- Essentially what ChatGPT and other LLMs are doing is asking the question “Given the text so far, what should the next word be?” repeating this again and again after each new word based on the huge corpus of information that it has been trained with through the scrapping of the internet.
- ChatGPT will not always choose the most probable word however and this is done to avoid the text becoming flat and potentially copying some other text verbatim.
- Temperature applied to language models like this refers to how likely it is to not pick the most probable next word. Certain temperatures appear to work better for certain types of writing, like 0.8 being best for writing essays. The element of randomness makes the text seem more creative.

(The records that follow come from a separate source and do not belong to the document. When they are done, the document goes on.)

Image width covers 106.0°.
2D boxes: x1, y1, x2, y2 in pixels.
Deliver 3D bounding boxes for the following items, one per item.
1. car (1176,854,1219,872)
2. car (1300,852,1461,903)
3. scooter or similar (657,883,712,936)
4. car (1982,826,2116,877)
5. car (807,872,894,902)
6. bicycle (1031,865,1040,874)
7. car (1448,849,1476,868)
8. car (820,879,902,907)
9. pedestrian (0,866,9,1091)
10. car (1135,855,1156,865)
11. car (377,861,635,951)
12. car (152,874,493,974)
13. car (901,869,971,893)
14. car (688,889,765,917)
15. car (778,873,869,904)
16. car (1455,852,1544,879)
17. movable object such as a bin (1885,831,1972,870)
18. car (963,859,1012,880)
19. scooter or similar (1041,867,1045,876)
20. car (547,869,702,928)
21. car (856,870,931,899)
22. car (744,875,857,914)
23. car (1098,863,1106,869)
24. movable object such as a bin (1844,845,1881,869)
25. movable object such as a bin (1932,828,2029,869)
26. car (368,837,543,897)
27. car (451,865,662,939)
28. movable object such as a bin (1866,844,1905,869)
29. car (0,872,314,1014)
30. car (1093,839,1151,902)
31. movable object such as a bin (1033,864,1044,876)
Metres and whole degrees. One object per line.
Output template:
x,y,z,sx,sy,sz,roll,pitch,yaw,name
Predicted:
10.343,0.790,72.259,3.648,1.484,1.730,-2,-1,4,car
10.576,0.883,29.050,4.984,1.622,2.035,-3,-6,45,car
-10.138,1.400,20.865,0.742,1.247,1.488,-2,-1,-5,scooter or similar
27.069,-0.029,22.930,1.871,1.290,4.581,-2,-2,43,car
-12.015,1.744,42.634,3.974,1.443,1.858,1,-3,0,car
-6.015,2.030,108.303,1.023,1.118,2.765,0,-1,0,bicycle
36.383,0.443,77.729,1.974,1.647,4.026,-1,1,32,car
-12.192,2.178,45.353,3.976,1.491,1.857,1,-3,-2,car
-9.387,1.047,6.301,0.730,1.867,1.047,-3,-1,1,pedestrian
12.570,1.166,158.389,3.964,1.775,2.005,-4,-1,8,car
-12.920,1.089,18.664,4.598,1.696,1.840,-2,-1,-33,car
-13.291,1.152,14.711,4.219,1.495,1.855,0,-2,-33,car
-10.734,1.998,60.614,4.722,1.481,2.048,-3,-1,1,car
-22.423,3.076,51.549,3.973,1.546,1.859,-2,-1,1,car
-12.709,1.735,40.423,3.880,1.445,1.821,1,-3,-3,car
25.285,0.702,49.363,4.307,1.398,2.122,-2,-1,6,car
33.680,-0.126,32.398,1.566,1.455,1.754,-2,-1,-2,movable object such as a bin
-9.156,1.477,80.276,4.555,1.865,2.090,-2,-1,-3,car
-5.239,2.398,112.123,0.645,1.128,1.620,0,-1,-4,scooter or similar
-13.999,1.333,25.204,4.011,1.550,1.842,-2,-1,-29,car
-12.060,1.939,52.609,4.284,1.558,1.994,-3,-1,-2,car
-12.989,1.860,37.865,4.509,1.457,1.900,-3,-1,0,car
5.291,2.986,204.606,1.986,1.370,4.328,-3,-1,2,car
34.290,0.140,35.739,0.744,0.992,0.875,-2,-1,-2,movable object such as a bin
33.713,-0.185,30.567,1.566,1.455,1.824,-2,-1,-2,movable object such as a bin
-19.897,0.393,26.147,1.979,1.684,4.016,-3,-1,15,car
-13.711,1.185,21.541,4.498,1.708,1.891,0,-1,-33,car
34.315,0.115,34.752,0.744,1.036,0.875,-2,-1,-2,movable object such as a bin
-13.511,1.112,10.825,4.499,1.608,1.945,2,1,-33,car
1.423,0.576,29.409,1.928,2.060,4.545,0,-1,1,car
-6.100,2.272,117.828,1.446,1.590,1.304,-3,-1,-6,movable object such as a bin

- Using just probabilities of single words or letters these models use probabilities of strings of words. But if this was done for strings of three words there would be a huge number of possibilities. To work around the fact that there is not enough material on earth to train a model in this way “The big idea is to make a model that lets us estimate the probabilities with which sequences should occur—even though we’ve never explicitly seen those sequences in the corpus of text we’ve looked at”.
- So how does it actually work? It is trained on a huge sample of human text, starting with a prompt and continuing with stuff like it was trained with, using a neural net to reflect on what is has written so far for every new word it generates.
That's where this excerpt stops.